No one dares say it out loud.”

Acclaimed Broadway composer Stephen Schwartz says that the mob’s takeover of arts and culture feels like something straight out of a Maoist “totalitarian state.” 

In an interview with the Telegraph, Schwartz highlights the insanity of the left’s new “cultural appropriation” purity test, where if artists want to avoid retribution from the woke brigade, they are only allowed to write about “someone who is exactly like you.”

“Everyone in the arts in America is talking about the tyranny of cancel culture and cultural appropriation,” said Schwartz. “The funny thing is, no one dares to say it aloud. It’s like living in a totalitarian state.”

The composer of 2017’s Prince of Egypt slammed the new Maoist ideological militancy which employs censorship and intimidation tactics to suffocate independent creativity.

“We’ve lost the ability to have our world view challenged by another point of view. It’s as though we’ve become terrified of ideas. But ideas are how society progresses,” said Schwartz.

The former president of the Directors Guild of America said that positive depictions of white characters are routinely decried as “white saviors,” adding, “What’s also strange is that if you write a character who is bigoted, people now assume you hold those views yourself.”

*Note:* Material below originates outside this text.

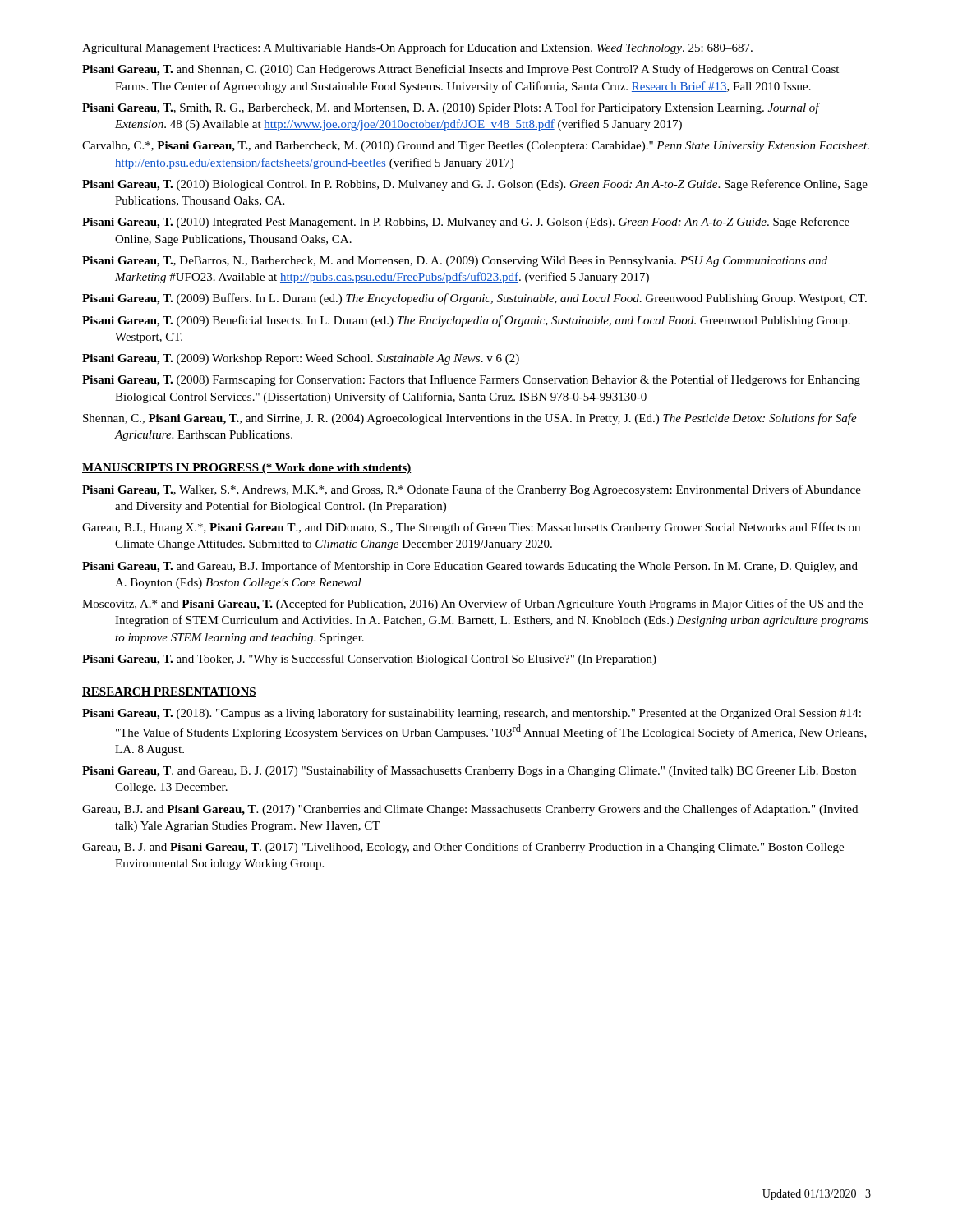Find the block starting "RESEARCH PRESENTATIONS"

point(169,692)
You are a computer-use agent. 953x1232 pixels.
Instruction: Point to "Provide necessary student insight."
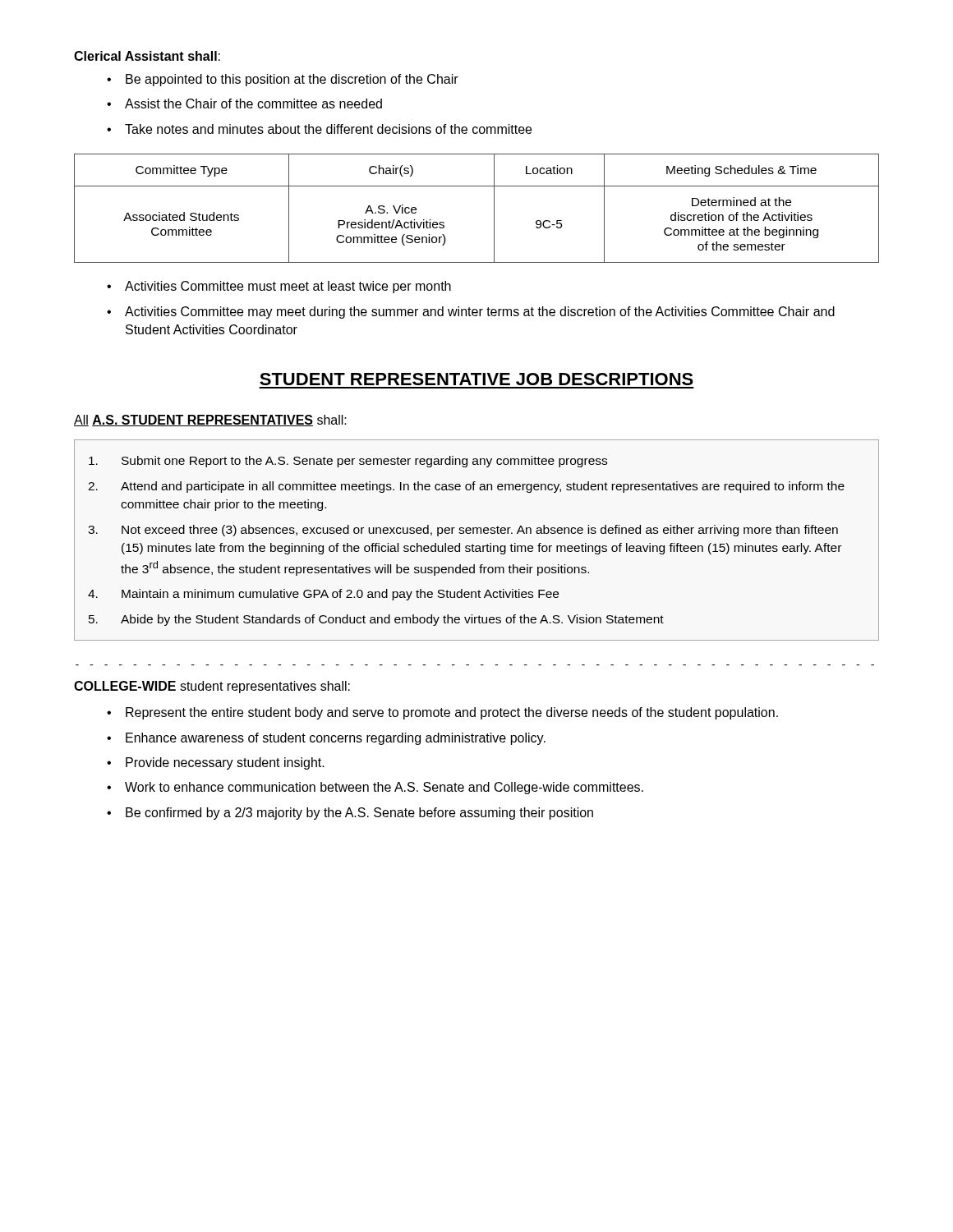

Noting that it’s a “weird time” for the arts, Schwartz underscores how the mob is mimicking the behavior of the Salem Witch trials, where “accusation is everything” and people are condemned and vilified for opinions they had 20 years ago.

The composer compared the mob’s treatment of those deemed to have made such infractions to “making people wander around wearing dunce caps saying they are sorry.”

Schwartz is by no means an obscure figure, having won three Grammys, three Oscars and a Golden Globe.

His strident condemnation of the relatively small but vociferous mob who have weaponized cancel culture to terrify artists into being amplifiers for their various inane social justice causes should be applauded.

“I think the pendulum has swung so far it’s got to swing back now. It’s just too crazy,” concluded Schwartz. “The whole point about art is empathy. At the end of the day we have to deal with it if we want to live in a free society.”